START Data for analysis

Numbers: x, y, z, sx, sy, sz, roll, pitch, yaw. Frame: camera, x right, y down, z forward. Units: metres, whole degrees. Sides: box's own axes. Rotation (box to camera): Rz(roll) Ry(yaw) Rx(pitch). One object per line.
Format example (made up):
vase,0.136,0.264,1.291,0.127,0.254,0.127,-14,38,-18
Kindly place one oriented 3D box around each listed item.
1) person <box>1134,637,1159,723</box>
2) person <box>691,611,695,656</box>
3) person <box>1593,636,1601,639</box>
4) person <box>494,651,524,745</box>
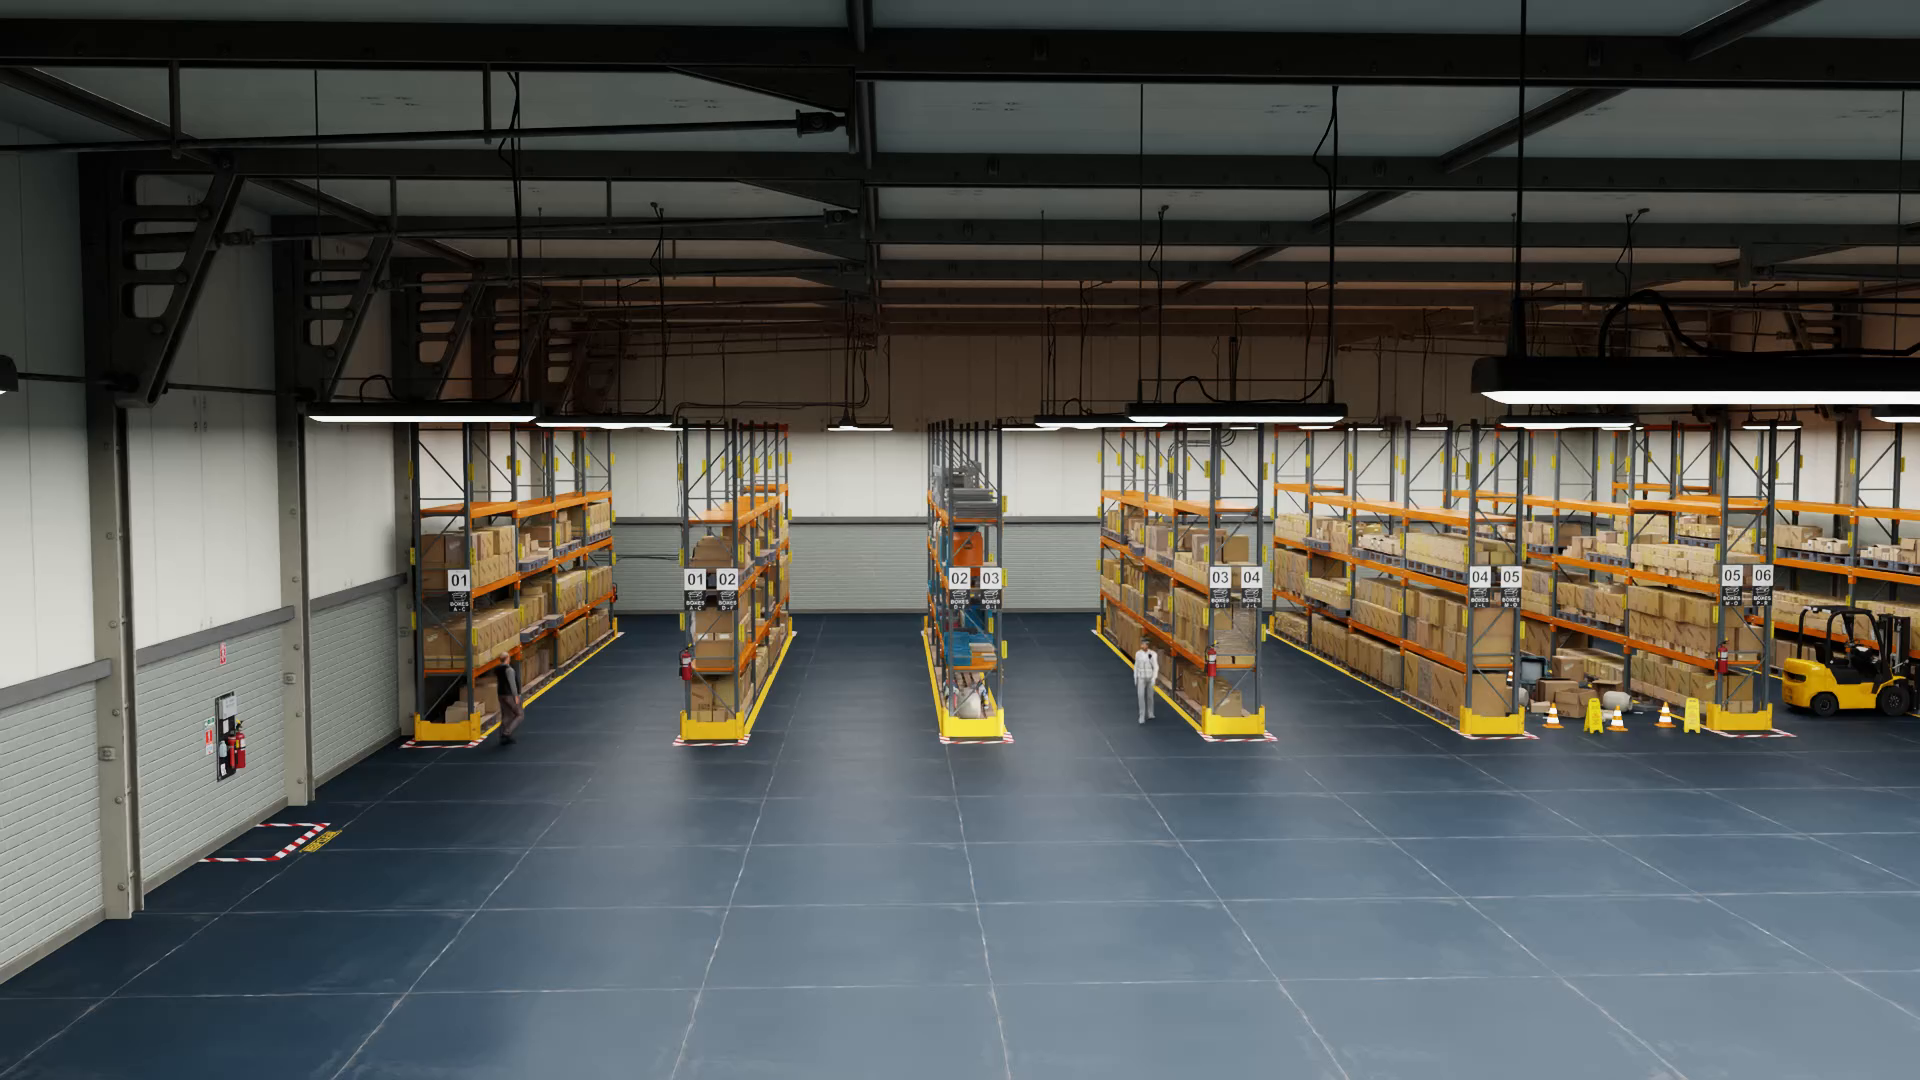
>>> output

END Data for analysis

Task requirements:
If a picture falls within the span, leave it out, and reproduce exactly the lines from the one containing "Kindly place one" through the end of the material, and no others.

Written answer:
Kindly place one oriented 3D box around each listed item.
1) person <box>1134,637,1159,723</box>
2) person <box>691,611,695,656</box>
3) person <box>1593,636,1601,639</box>
4) person <box>494,651,524,745</box>
>>> output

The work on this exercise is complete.